Deakin researchers say early warnings would prevent Thunderstorm Asthma events

Melbourne lays claim to the unwanted title of being the epicentre of Epidemic Thunderstorm Asthma (ETSA) worldwide, having experienced seven of the 26 recorded events.

The most disastrous of those occurred in November 2016, when hospital emergency departments were over-run with more than 10, 000 people needing treatment for acute asthma and respiratory distress, and first responders were also totally overwhelmed.

With an unusually warm but wet spring, and an anticipated hot but unsettled summer predicted, Deakin researchers got on the front foot and analysed the 2016 data in detail.

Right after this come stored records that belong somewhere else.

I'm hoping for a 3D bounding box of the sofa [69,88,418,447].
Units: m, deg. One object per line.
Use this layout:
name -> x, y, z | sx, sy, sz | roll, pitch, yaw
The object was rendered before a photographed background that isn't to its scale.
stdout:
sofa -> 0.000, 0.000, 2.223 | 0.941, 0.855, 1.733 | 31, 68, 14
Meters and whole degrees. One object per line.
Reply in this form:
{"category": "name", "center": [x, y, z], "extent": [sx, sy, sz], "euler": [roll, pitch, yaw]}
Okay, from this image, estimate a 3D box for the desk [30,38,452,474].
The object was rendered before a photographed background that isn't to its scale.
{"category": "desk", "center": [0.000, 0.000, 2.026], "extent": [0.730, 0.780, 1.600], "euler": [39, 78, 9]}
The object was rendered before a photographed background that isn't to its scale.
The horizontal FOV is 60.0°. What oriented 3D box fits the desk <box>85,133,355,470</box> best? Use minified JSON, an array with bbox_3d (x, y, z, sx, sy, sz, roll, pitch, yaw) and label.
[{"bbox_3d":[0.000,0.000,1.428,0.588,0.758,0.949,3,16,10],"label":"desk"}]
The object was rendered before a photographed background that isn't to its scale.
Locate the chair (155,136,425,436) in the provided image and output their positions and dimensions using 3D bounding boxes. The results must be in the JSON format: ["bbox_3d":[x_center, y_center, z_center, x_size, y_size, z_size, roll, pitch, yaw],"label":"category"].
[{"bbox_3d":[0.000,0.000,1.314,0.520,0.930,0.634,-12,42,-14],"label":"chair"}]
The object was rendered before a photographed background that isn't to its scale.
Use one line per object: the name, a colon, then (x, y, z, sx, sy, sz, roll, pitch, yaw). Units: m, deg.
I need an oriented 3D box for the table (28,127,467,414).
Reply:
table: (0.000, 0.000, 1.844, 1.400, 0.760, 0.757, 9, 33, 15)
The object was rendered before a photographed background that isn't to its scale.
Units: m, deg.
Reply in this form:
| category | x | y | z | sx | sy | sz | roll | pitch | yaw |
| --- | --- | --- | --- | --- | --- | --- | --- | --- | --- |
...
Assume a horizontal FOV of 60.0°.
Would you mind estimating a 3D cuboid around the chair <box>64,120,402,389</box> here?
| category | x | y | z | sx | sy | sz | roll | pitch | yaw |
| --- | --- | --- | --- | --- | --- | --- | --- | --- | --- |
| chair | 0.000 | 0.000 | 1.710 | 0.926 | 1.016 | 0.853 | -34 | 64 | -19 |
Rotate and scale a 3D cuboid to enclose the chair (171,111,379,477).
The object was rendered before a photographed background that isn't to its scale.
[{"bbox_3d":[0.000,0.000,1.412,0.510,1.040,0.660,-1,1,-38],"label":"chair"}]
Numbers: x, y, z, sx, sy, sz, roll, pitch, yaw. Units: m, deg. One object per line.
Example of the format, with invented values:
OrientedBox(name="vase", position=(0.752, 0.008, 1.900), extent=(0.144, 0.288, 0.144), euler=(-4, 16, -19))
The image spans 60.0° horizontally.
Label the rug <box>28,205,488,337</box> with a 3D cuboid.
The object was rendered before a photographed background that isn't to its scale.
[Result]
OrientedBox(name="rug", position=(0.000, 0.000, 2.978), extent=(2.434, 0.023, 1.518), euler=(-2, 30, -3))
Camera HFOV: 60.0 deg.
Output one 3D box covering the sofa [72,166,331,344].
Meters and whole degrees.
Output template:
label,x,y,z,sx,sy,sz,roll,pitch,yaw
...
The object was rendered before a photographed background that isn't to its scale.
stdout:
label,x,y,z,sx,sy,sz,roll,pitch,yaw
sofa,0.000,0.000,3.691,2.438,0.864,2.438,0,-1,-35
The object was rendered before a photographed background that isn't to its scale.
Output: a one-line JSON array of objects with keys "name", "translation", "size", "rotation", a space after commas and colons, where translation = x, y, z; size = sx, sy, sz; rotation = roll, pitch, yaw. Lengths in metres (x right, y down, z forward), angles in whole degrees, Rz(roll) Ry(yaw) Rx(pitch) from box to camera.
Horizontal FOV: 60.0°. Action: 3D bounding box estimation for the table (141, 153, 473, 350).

Their recommendations on how to avoid a repeat of those tragic outcomes have been published in The perfect storm: temporal analysis of air during the world’s most deadly ETSA in Melbourne.

Associate Professor Cenk Suphioglu, Head of Deakin AirWATCH, said the first step is an urgent review of how pollen levels are monitored.

Associate Professor Cenk Suphioglu

“Our researchers took the data from the 2016 ETSA and, using a three-hourly time-resolved temporal, immediately noted that the standard 24-hour data must be improved to include ‘real-time’ pollen counts, preferably in ten-minute increments, so the public can be updated and warned throughout this type of weather.”

The study involved analysis of atmospheric sampling of the air for pollen and fungal spores, and intact and ruptured pollen compared with different weather parameters, pollution levels and clinical asthma presentations.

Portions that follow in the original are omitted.